La metafora della Chiesa come “ospedale da campo dopo una battaglia” è una delle immagini più evocative del pontificato di Papa Francesco, profondamente radicata nella sua esperienza come pastore a Buenos Aires. Questa visione si concentra sull’urgenza di “curare le ferite” e trova un simbolo tangibile nella sua scelta di risiedere nella Domus Sanctae Marthae, un luogo che storicamente nacque come lazzaretto, destinato all’accoglienza dei malati. Vivere in questo spazio periferico, anche all’interno del Vaticano, sottolinea la missione della Chiesa: ritirarsi in un angolo per curare le proprie ferite e, soprattutto, dedicarsi alle profonde lacerazioni che affliggono l’umanità.

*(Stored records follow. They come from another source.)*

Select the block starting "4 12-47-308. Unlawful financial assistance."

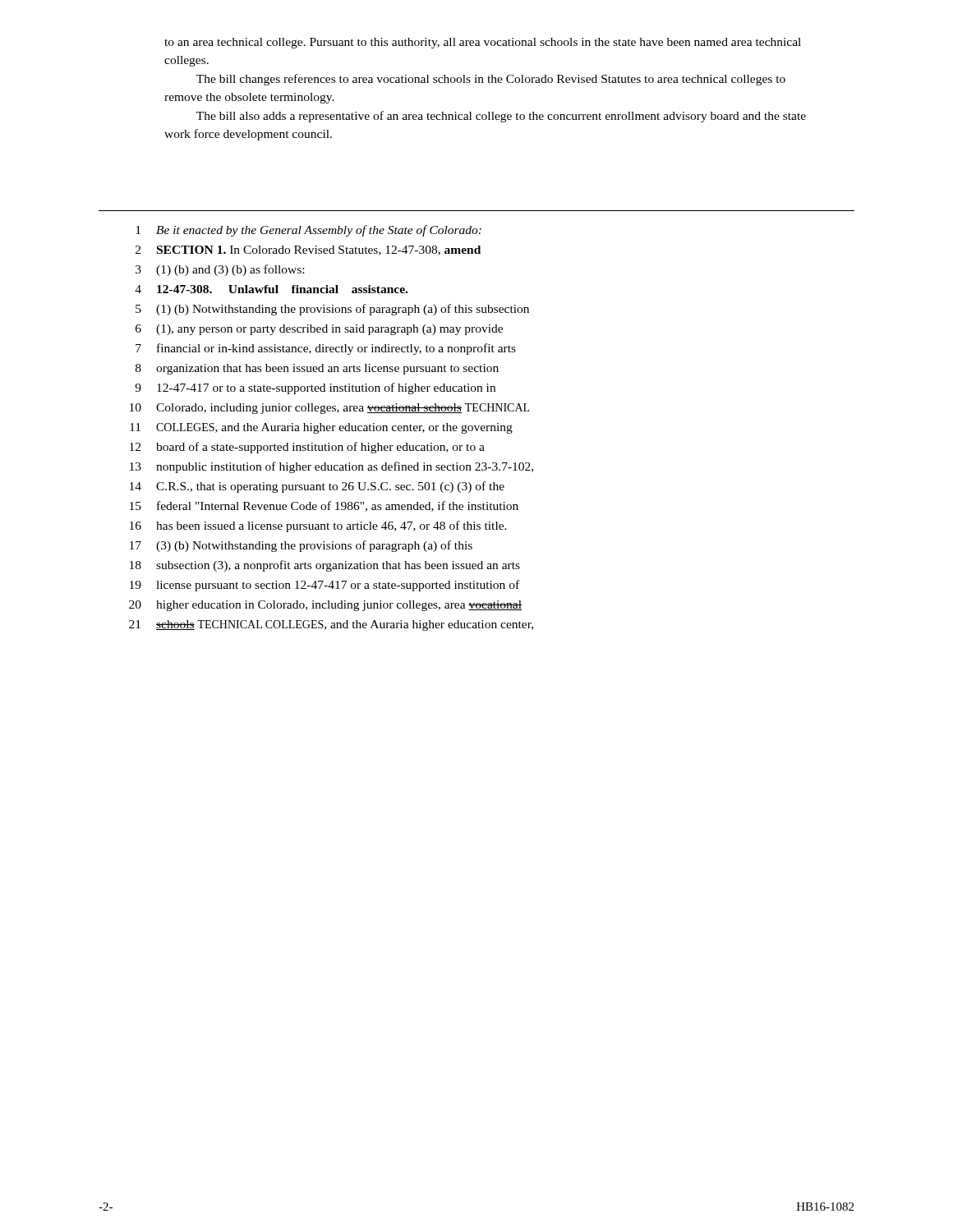pyautogui.click(x=271, y=289)
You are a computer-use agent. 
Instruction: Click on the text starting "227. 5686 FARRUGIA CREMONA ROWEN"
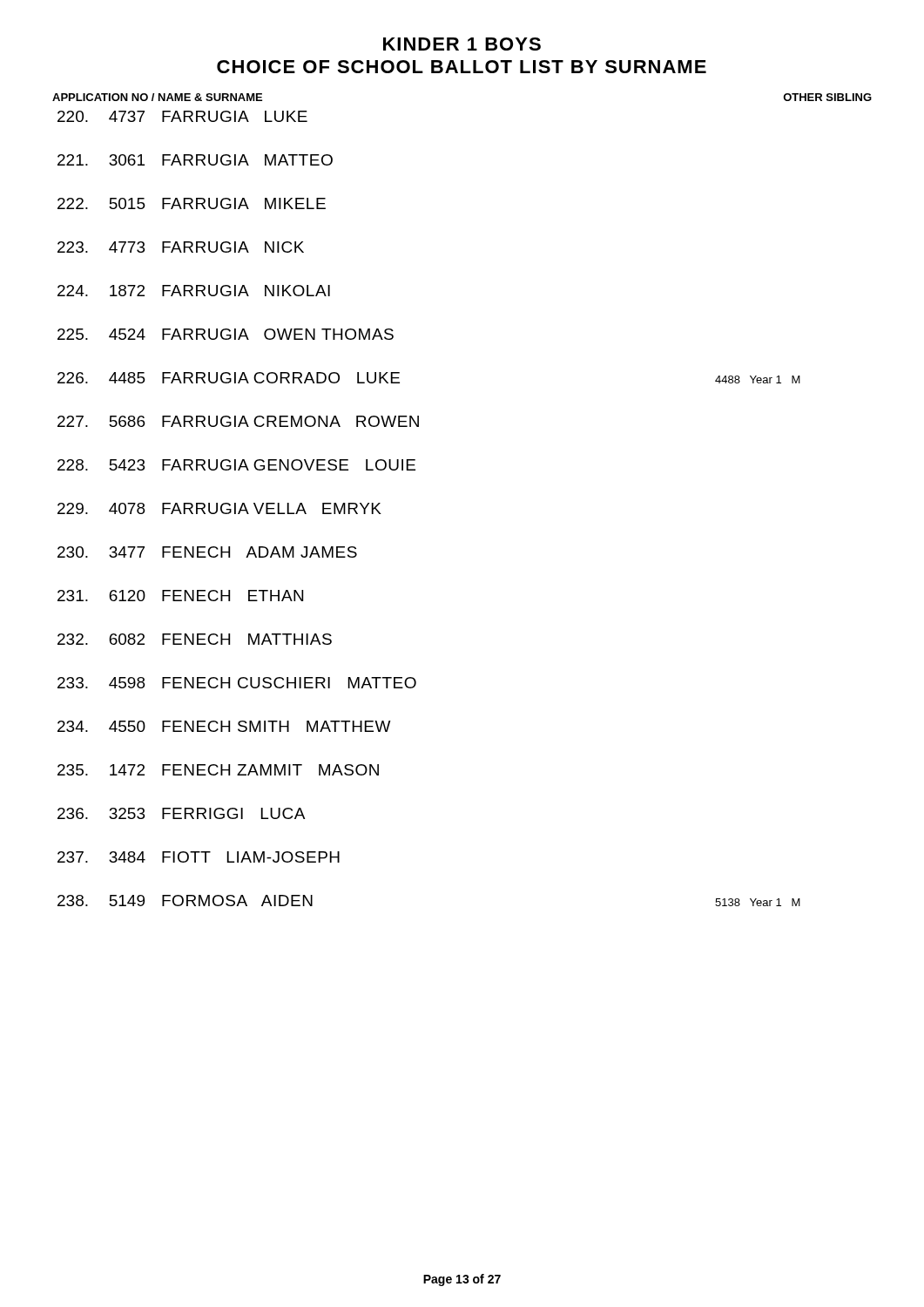click(384, 422)
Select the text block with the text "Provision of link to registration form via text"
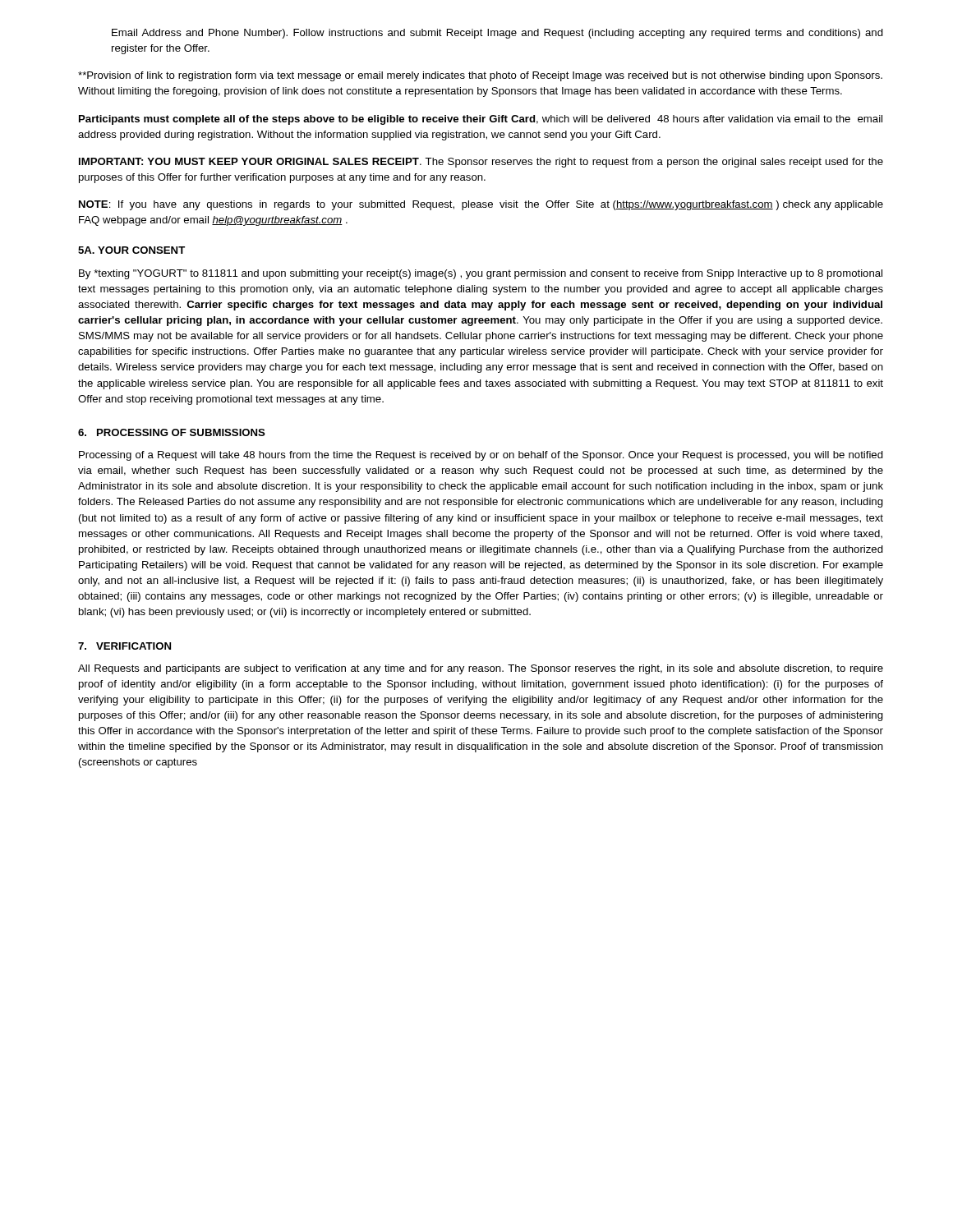The height and width of the screenshot is (1232, 953). (x=481, y=83)
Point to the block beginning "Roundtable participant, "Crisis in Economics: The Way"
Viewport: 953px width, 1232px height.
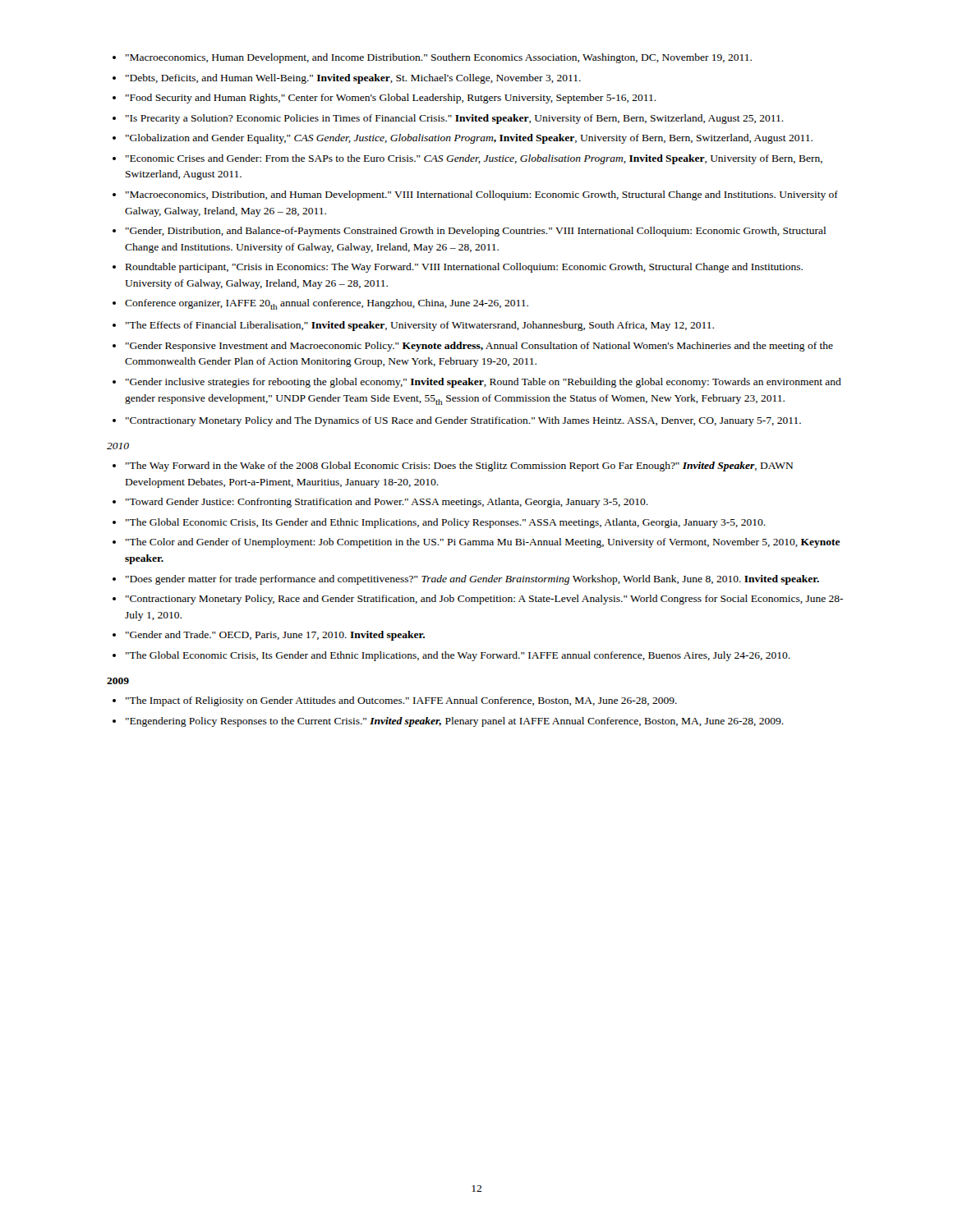click(x=486, y=275)

Al centro di questa missione di “cura” ci sono gli “ultimi”, coloro che vivono ai margini, nelle “periferie esistenziali e geografiche”. Queste aree, come le “villas miserias” argentine, non sono considerate da Francesco semplici problemi, ma una “componente essenziale” per la vitalità stessa della Chiesa e della società. Egli ha trasformato queste marginalità in un punto centrale della strategia cattolica.
Tra questi “ultimi”, gli immigrati occupano un posto di rilievo nella visione del Pontefice. Le comunità di immigrati poverissimi, spesso prive di documenti e ai margini delle grandi città, sono viste come portatrici di “nuovo sangue e nuovi valori”. Lungi dal rappresentare solo potenziali pericoli, essi sono considerati una “potenzialità” e un “antidoto alla secolarizzazione e all’indifferenza globalizzata” che affliggono le società consolidate. L’integrazione di queste realtà, che assomigliano alle “città invisibili” di Buenos Aires annidate nel cuore delle capitali, non è solo un dovere etico, ma una “necessità” impellente per evitare che le società stesse diventino periferiche e decadenti.
La sua visita a Lampedusa, un’isola simbolo degli arrivi di migranti in Europa, è stata un gesto potente che ha equiparato questa realtà alle “villas miserias” argentine. I migranti globali in fuga da guerre e povertà sono visti come l’equivalente, in contesto europeo, di coloro che a Buenos Aires ingrossano le file del sottoproletariato urbano. Questa visione, che paragona l’immigrazione contemporanea alle invasioni barbariche che portarono “nuovo sangue” e contribuirono a superare la decadenza dell’Impero Romano, suggerisce che gli immigrati possono apportare “nuovi valori alla comunità europea”.
L’attenzione alla “pastorale delle grandi città” deriva direttamente da questa prospettiva. Raggiungere le milioni di persone che vivono in periferie disperate, come fanno i “preti villeros” che vivono nelle “viscere di queste città invisibili”, significa riconoscere la ricchezza culturale e umana che vi si trova e le loro “potenzialità”. Bergoglio ha il merito di aver dato centralità a queste realtà nella sua strategia pastorale, promuovendo l’integrazione urbana e sottolineando che le “villas” hanno molto da dare alla città.
In definitiva, la visione di Papa Francesco, saldamente radicata nella sua esperienza nella “città occulta” di Buenos Aires, presenta gli immigrati non come un peso o una minaccia, ma come parte fondamentale di quegli “ultimi” le cui ferite la Chiesa, quale “ospedale da campo”, è chiamata a curare. Essi portano “nuovi valori e nuovo sangue” e rappresentano un elemento cruciale nel contrastare il declino delle società consolidate e nell’offrire un cammino di rinnovamento e di speranza per la Chiesa e per il mondo intero. La loro inclusione è vista come una necessità vitale per un cattolicesimo che vuole essere attivo e presente nelle realtà più fragili del mondo contemporaneo.